- _What to produce_
Output the lines of the records exactly, from the first through the one containing "text a. het". Omit all pictures.

[Data extracted from a collection]
********

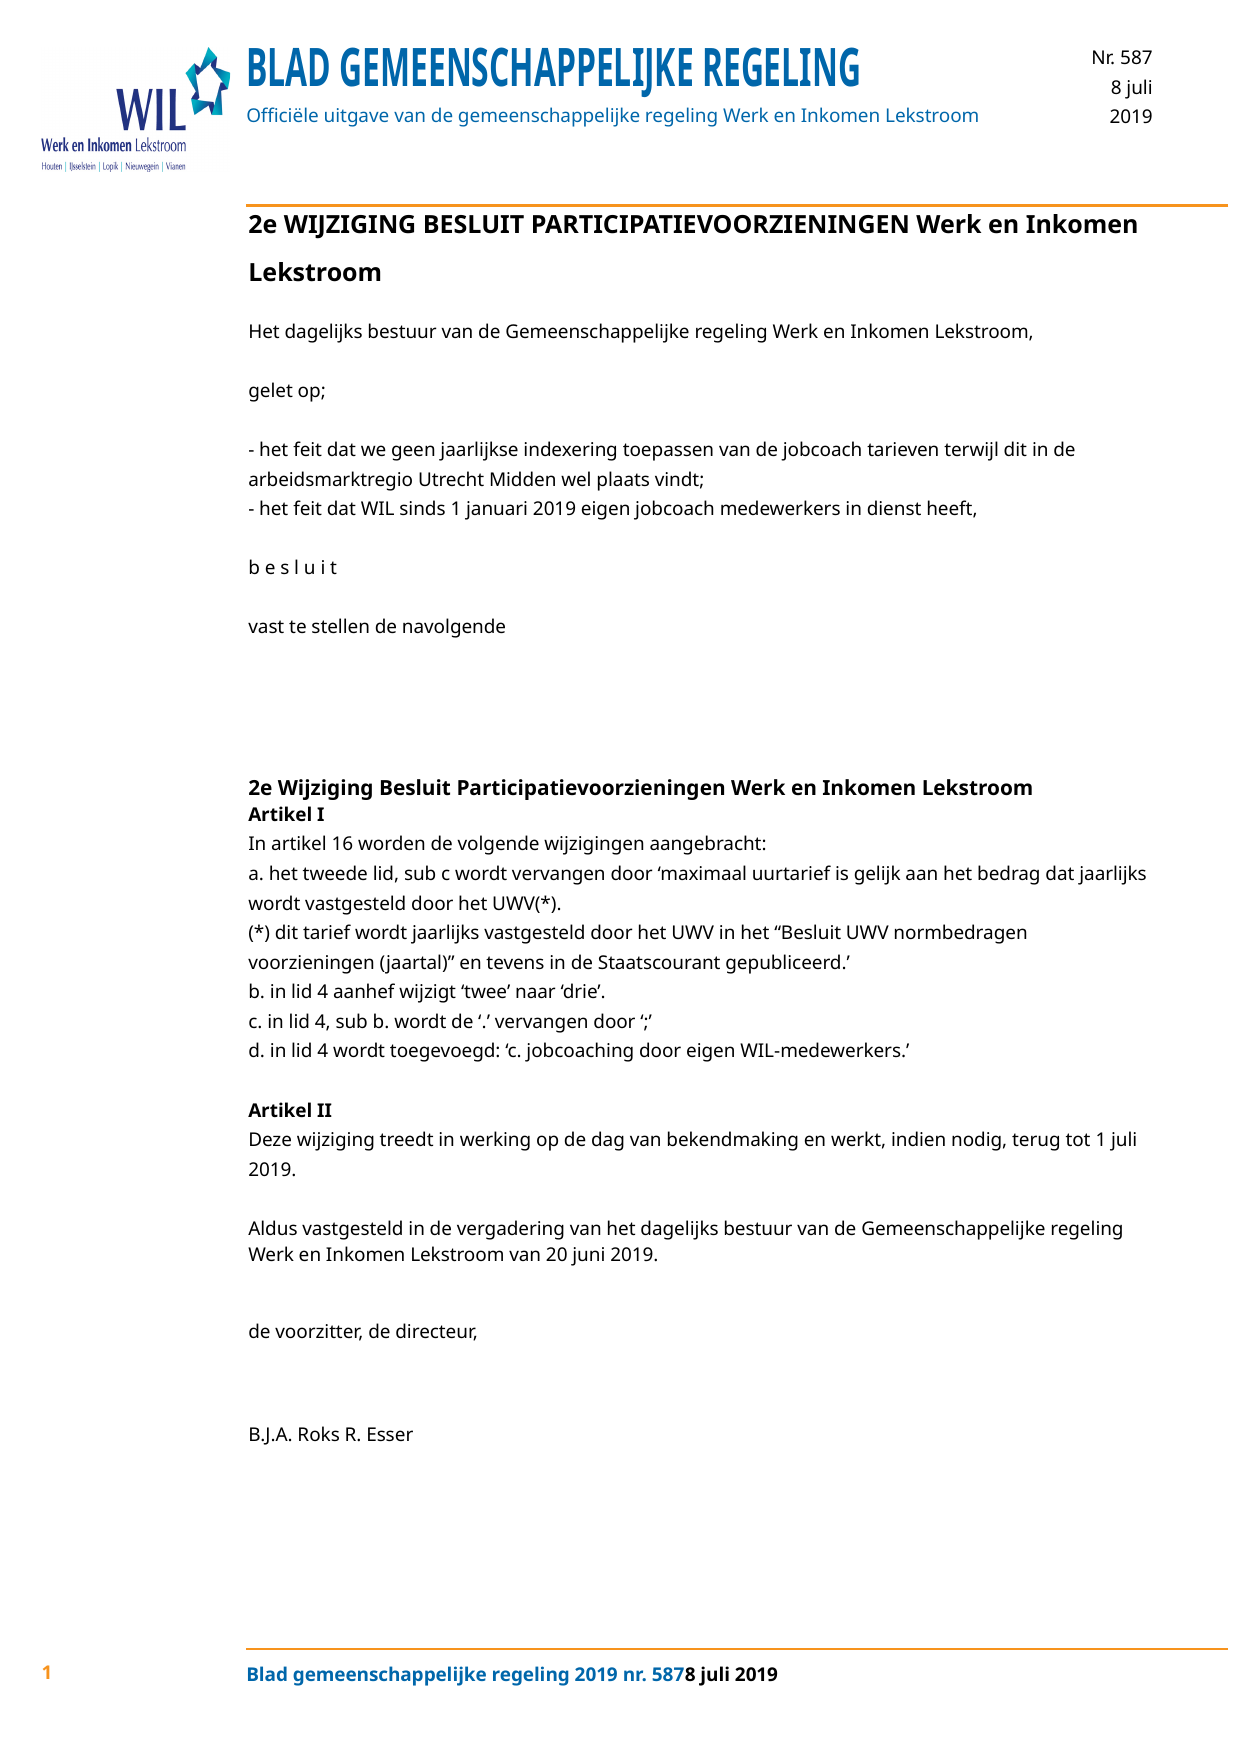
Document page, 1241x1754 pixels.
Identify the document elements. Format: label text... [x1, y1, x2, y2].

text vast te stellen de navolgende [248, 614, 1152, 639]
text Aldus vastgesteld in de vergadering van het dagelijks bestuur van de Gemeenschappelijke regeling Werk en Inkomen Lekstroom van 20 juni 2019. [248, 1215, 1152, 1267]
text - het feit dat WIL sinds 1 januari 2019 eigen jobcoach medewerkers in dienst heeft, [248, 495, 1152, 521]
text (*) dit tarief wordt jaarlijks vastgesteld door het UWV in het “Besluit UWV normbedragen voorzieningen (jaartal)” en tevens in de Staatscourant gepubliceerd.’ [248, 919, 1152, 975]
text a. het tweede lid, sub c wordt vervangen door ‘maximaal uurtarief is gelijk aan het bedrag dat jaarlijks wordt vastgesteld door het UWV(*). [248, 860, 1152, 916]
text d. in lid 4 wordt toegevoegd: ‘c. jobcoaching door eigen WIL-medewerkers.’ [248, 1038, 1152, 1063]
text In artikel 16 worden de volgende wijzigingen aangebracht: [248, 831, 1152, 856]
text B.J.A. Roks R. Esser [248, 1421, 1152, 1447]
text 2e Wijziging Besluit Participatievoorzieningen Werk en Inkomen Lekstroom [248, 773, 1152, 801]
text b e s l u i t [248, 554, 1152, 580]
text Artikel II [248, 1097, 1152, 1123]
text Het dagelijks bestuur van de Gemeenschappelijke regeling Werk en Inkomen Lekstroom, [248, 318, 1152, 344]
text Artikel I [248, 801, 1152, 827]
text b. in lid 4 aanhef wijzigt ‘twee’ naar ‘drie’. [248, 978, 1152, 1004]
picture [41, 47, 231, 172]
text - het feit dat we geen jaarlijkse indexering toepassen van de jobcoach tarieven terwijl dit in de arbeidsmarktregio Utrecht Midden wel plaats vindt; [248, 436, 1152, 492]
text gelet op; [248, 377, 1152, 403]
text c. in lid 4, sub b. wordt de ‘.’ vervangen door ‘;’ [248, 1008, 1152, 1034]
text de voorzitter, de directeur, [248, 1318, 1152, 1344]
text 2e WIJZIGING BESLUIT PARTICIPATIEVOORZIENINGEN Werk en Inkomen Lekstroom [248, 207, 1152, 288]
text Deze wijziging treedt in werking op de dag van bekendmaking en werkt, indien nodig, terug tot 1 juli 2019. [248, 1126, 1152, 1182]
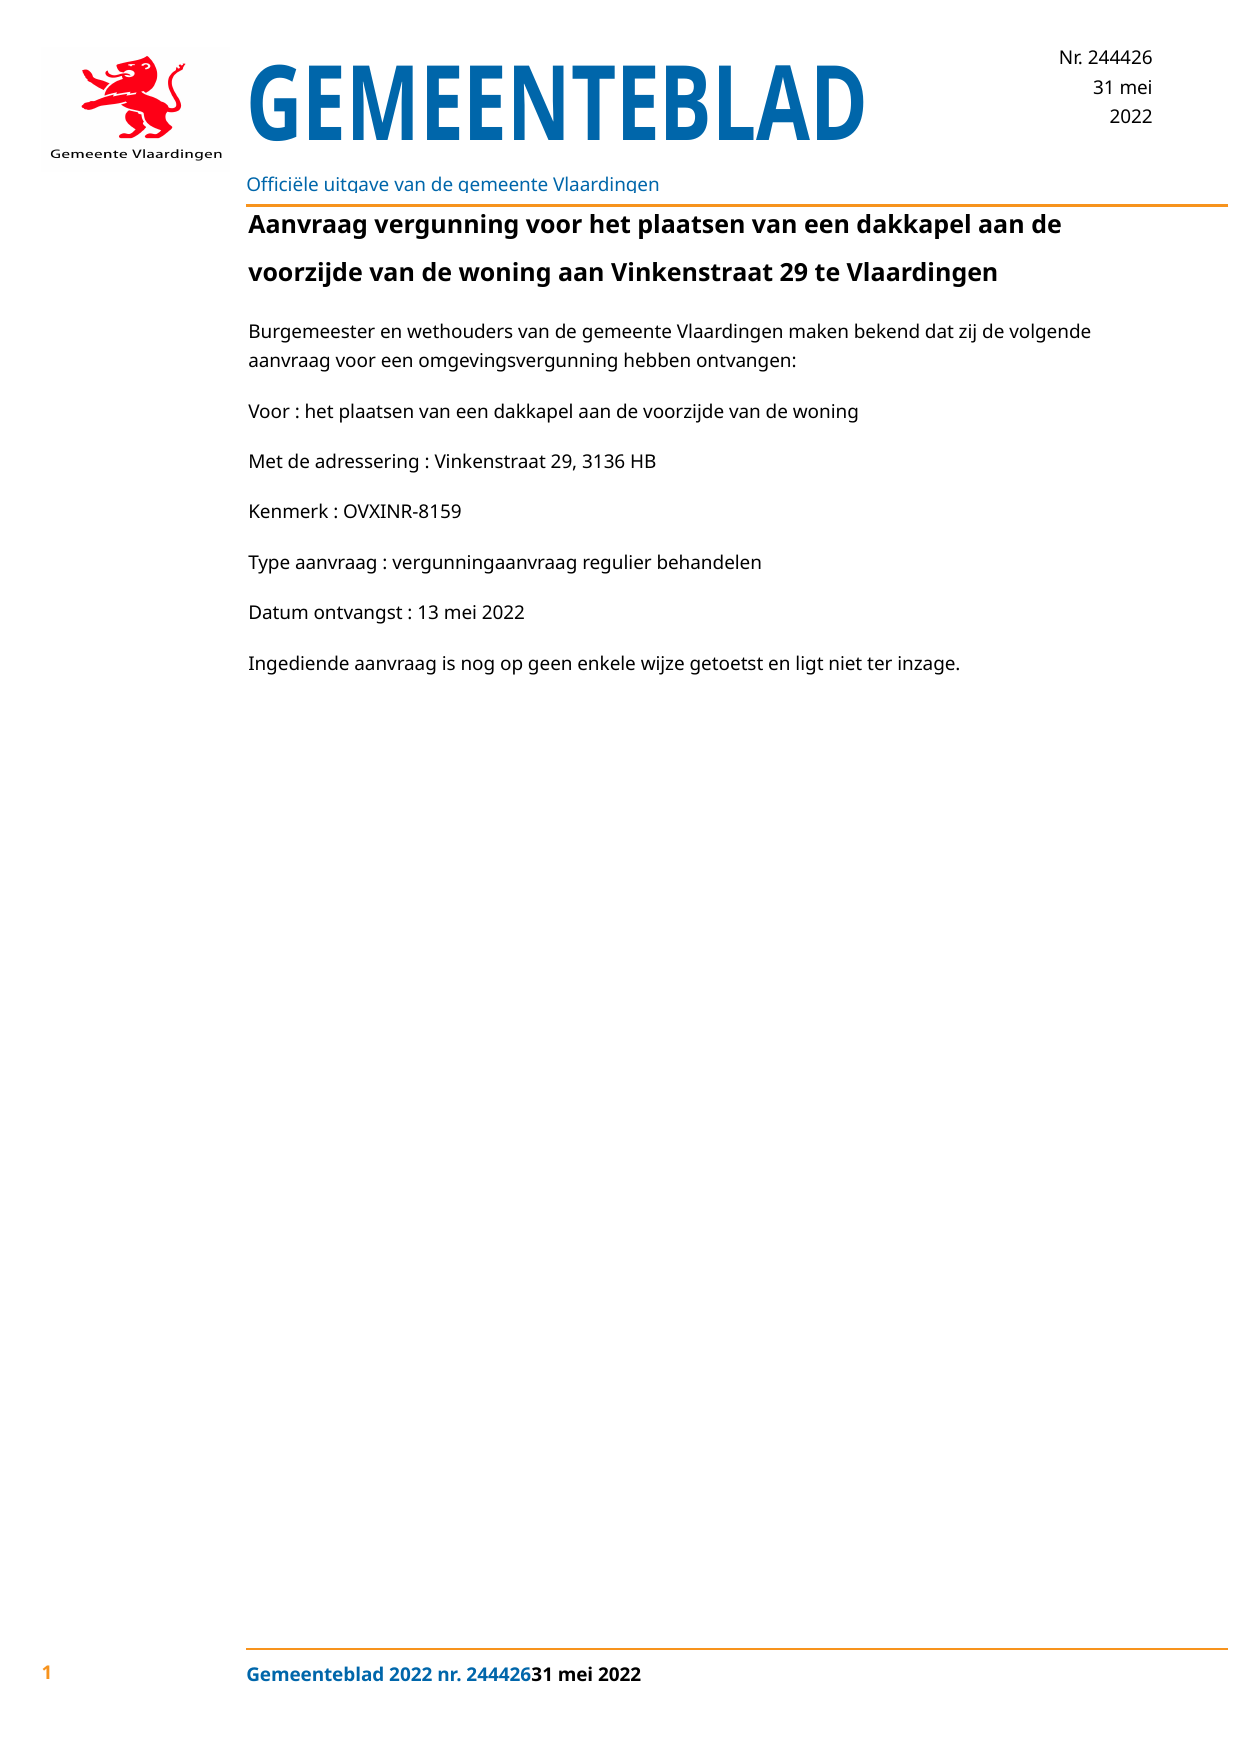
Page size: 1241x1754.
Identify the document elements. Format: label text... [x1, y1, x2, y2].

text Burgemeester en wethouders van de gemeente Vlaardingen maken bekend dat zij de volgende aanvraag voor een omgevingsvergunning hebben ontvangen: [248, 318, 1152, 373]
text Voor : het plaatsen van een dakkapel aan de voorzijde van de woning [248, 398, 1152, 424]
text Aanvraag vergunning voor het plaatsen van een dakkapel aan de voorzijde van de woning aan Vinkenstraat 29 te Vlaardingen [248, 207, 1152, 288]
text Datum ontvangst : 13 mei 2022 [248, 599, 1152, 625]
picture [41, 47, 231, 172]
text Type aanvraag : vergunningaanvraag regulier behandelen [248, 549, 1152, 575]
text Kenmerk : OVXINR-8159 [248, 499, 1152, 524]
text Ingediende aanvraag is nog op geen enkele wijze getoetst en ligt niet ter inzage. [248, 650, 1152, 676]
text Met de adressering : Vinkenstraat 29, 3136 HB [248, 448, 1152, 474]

********

- _Answer space_
Document page, 1241x1754 pixels.
Identify the document elements. Format: label text... [x1, y1, x2, y2].

text vast te stellen de navolgende [248, 614, 1152, 639]
text Aldus vastgesteld in de vergadering van het dagelijks bestuur van de Gemeenschappelijke regeling Werk en Inkomen Lekstroom van 20 juni 2019. [248, 1215, 1152, 1267]
text - het feit dat WIL sinds 1 januari 2019 eigen jobcoach medewerkers in dienst heeft, [248, 495, 1152, 521]
text (*) dit tarief wordt jaarlijks vastgesteld door het UWV in het “Besluit UWV normbedragen voorzieningen (jaartal)” en tevens in de Staatscourant gepubliceerd.’ [248, 919, 1152, 975]
text a. het tweede lid, sub c wordt vervangen door ‘maximaal uurtarief is gelijk aan het bedrag dat jaarlijks wordt vastgesteld door het UWV(*). [248, 860, 1152, 916]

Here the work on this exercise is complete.